Game versions of the tower number $\mathfrak t$

Question

Let us recall that $\mathfrak t$ is the smallest cardinal $\kappa$ for which there exists a family $(T_\alpha)_{\alpha\in\kappa}$ of infinite subsets of $\omega$ such that

$\bullet$ for any ordinals $\alpha\le\beta<\lambda$ we have $T_\beta\subseteq^* T_\alpha$;

$\bullet$ for any infinite set $I\subseteq \omega$ there exists $\alpha\in\kappa$ such that $I\not\subseteq^* T_\alpha$.

Here for two sets $A,B$ we write $A\subseteq^* B$ iff $A\setminus B$ is finite.

Now given an infinite ordinal $\kappa$ let us consider the tower game of length $\kappa$ played by two players $I$ and $J$ who construct two transfinite sequences of sets $(I_\alpha)_{\alpha\le\kappa}$ and $(J_\alpha)_{\alpha\le\kappa}$ by the following rules.

The player $I$ starts the game selecting a countable inifinite set $I_0$ and the player $J$ answers with an infinite set $J_0\subseteq I_0$. At the $\alpha$-th inning the player $I$ selects an infinite set $I_\alpha$ such that $I_\alpha\subseteq^* J_\beta$ for every ordinal $\beta<\alpha$. If such an infinite set $I_\alpha$ does not exist, then the player $I$ is forced to put $I_\alpha=\emptyset$. The player $J$ answers by selecting a subset $J_\alpha\subseteq I_\alpha$ of cardinality $|J_\alpha|=|I_\alpha|$. At the end of the game, the player $I$ is declared a winner if $I_\kappa\ne\emptyset$. If $I_\kappa=\emptyset$, then the player $J$ wins the game.

Let $\mathfrak t_I$ (resp. $\mathfrak t_J$) be the smallest ordinal $\kappa$ for which the player $I$ has no winning strategy (resp. the player $J$ has a winning strategy) in the tower game of length $\kappa$.

It is easy to see that $\mathfrak t\le \mathfrak t_I\le\mathfrak t_J\le\mathfrak c^+$.

Problem 1. Is $\mathfrak t_I\le\mathfrak c$? $\mathfrak t_J\le\mathfrak c$?

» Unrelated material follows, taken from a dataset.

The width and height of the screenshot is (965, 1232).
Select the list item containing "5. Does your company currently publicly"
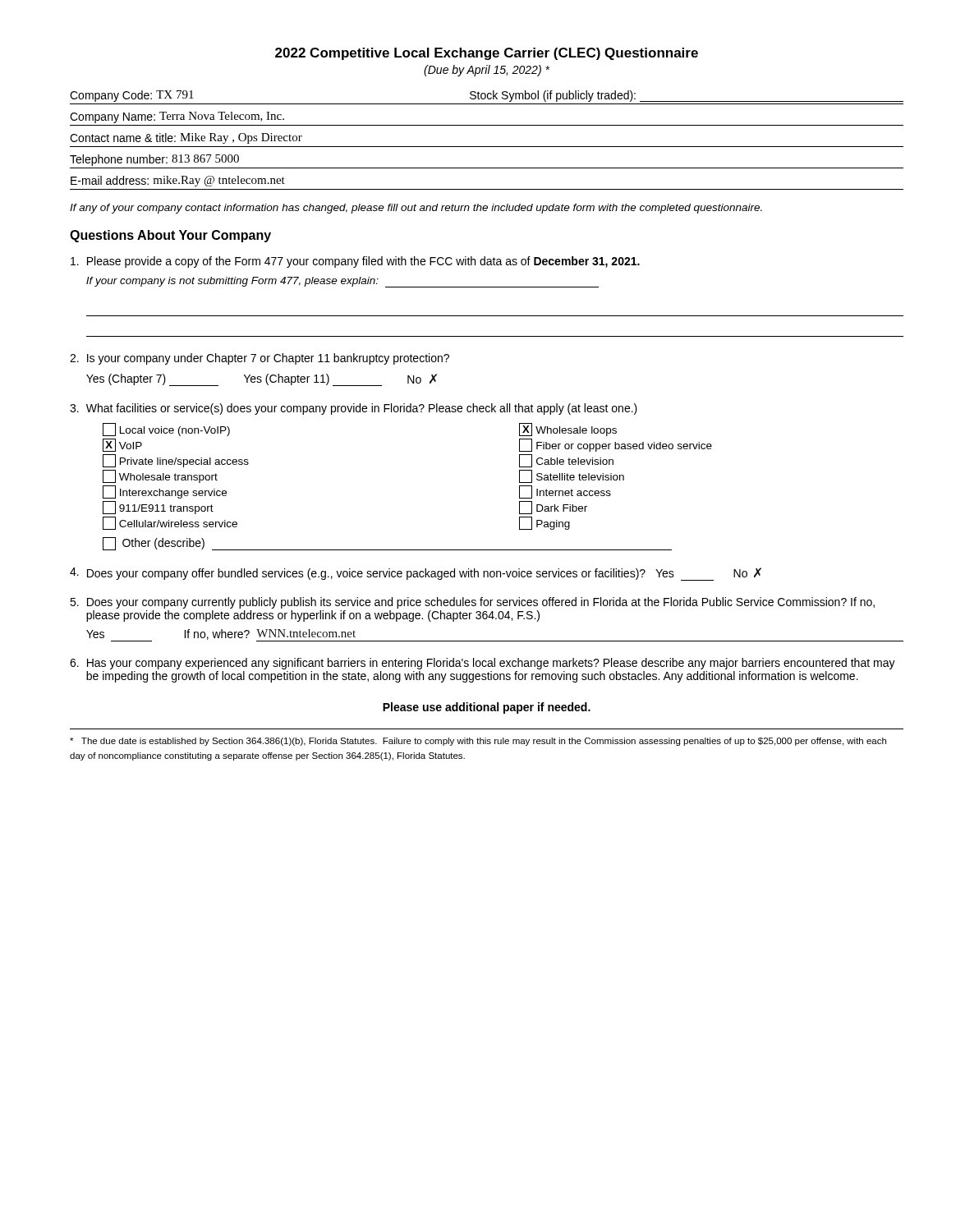coord(487,619)

Problem 2. Is the strict inequality $\mathfrak t<\mathfrak t_J$ (resp. $\mathfrak t<\mathfrak t_I$ or $\mathfrak t_I<\mathfrak t_J$) consistent?

Answer 1

For problem 1: yes, $\mathfrak{t}_I \leq \mathfrak{t}_J \leq \mathfrak{c}$.

To force the game to end by step $\mathfrak{c}$, player $J$ can begin with an enumeration $\langle A_\alpha :\, \alpha < \mathfrak{c} \rangle$ of all subsets of $\omega$. On move $\alpha$, player $J$ selects a set $J_\alpha$ that is either contained in or disjoint from $A_\alpha$. By round $\mathfrak{c}$, this means that no infinite set $I$ can be contained in all the $J_\alpha$'s: there is some $\alpha < \mathfrak{c}$ where $A_\alpha$ "splits" $I$, meaning that both $A_\alpha \cap I$ and $I \setminus A_\alpha$ are infinite, and at that stage player $J$ played to ensure that $I$ is not contained in $J_\alpha$.

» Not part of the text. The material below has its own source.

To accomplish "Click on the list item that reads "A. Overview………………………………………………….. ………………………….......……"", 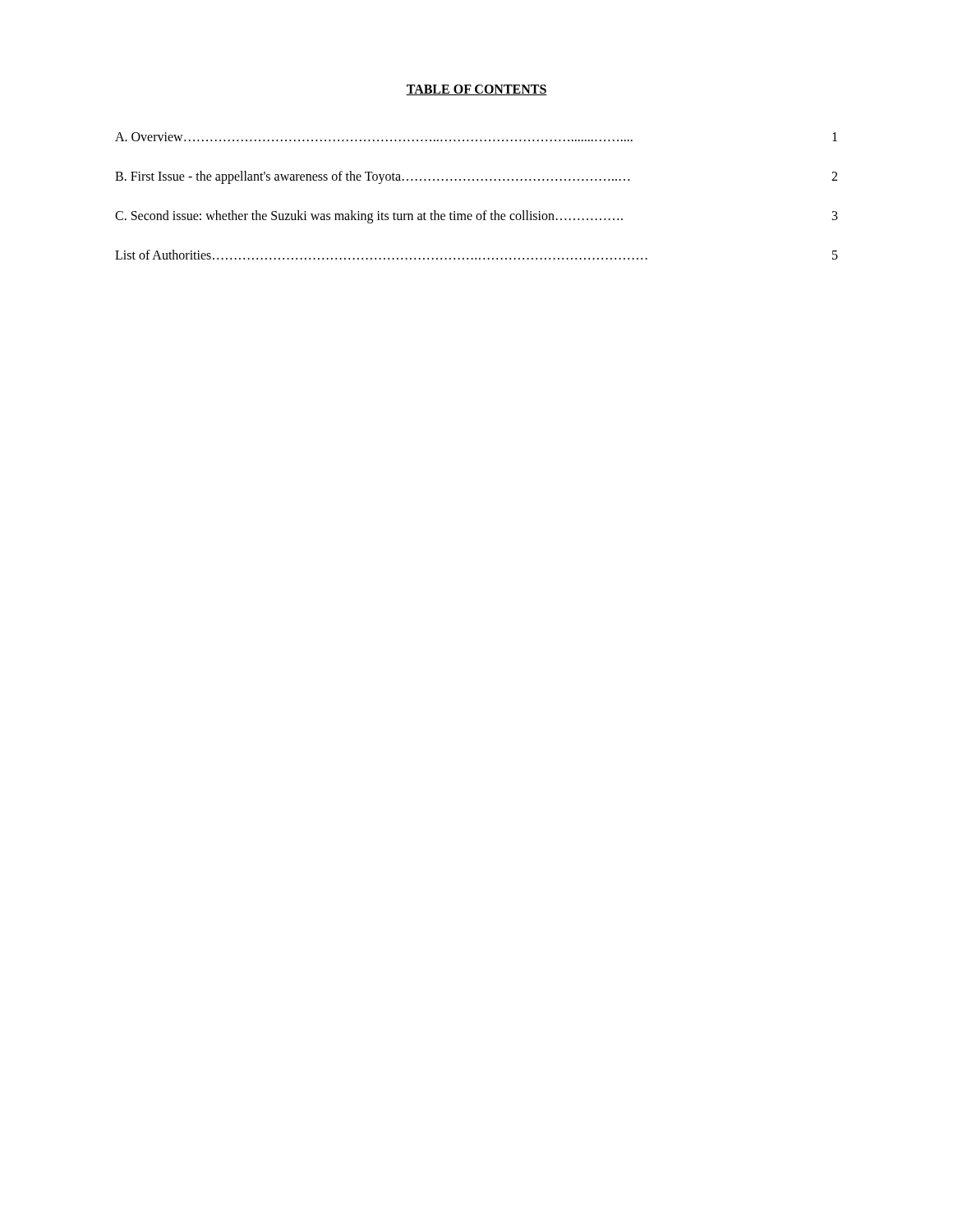I will pos(476,137).

In fact, this argument shows that $\mathfrak{t}_I \leq \mathfrak{t}_J \leq \mathfrak{s}$, where $\mathfrak{s}$ denotes the splitting number. (A different version of the argument could improve this to $\mathfrak{h}$, actually.) This suggests that for problem 2, we should look at a model where $\mathfrak{t} < \mathfrak{s}$ (or $\mathfrak{h}$). The Mathias model is a natural candidate.